What is expected » Your output should be the lines below from the one with "2. star anise at [556, 0, 605, 31]" through the one with "Every object in", copied exactly, pictures excluded.
BEGIN Records for processing
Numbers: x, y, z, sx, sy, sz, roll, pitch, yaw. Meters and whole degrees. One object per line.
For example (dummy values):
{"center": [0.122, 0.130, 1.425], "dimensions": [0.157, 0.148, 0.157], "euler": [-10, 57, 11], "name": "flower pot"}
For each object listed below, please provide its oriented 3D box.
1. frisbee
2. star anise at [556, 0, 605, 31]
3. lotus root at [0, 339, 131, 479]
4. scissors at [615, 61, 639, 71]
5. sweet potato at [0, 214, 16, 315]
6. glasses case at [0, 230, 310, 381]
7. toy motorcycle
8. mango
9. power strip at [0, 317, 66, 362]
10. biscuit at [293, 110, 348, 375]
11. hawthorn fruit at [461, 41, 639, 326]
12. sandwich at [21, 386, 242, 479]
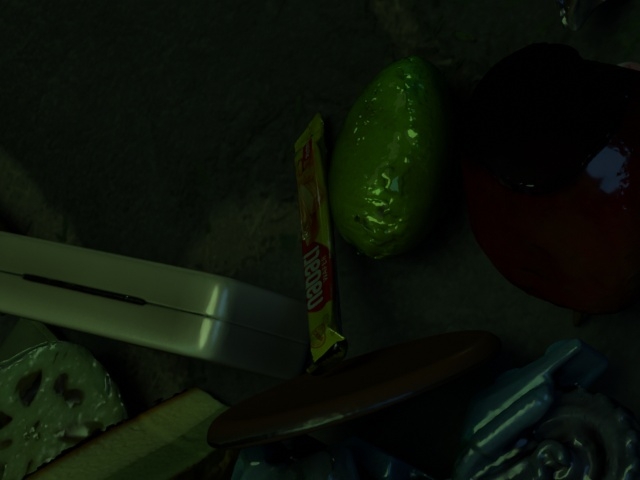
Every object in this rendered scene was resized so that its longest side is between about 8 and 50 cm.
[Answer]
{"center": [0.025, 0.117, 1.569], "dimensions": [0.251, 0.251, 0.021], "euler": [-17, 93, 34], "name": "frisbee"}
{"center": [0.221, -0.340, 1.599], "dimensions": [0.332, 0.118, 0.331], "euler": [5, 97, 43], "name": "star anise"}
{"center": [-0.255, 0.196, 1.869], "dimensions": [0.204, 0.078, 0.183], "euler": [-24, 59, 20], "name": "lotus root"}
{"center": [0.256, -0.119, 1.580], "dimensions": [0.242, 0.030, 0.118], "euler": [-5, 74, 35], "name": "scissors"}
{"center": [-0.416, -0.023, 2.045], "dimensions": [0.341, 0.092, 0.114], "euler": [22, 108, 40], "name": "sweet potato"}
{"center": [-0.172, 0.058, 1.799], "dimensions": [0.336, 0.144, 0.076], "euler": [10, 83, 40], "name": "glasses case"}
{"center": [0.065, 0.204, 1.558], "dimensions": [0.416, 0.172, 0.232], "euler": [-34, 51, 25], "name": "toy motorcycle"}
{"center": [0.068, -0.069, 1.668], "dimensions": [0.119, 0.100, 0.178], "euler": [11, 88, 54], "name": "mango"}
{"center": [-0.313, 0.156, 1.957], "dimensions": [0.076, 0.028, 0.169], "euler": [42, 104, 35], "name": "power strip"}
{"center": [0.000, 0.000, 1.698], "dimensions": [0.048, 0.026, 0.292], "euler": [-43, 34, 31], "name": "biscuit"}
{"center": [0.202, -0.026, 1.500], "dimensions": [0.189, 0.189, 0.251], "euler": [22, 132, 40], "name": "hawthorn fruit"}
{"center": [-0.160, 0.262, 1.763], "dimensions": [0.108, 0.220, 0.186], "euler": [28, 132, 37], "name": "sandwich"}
END Records for processing
Exercise result »
2. star anise at [556, 0, 605, 31]
3. lotus root at [0, 339, 131, 479]
4. scissors at [615, 61, 639, 71]
5. sweet potato at [0, 214, 16, 315]
6. glasses case at [0, 230, 310, 381]
7. toy motorcycle
8. mango
9. power strip at [0, 317, 66, 362]
10. biscuit at [293, 110, 348, 375]
11. hawthorn fruit at [461, 41, 639, 326]
12. sandwich at [21, 386, 242, 479]
Every object in this rendered scene was resized so that its longest side is between about 8 and 50 cm.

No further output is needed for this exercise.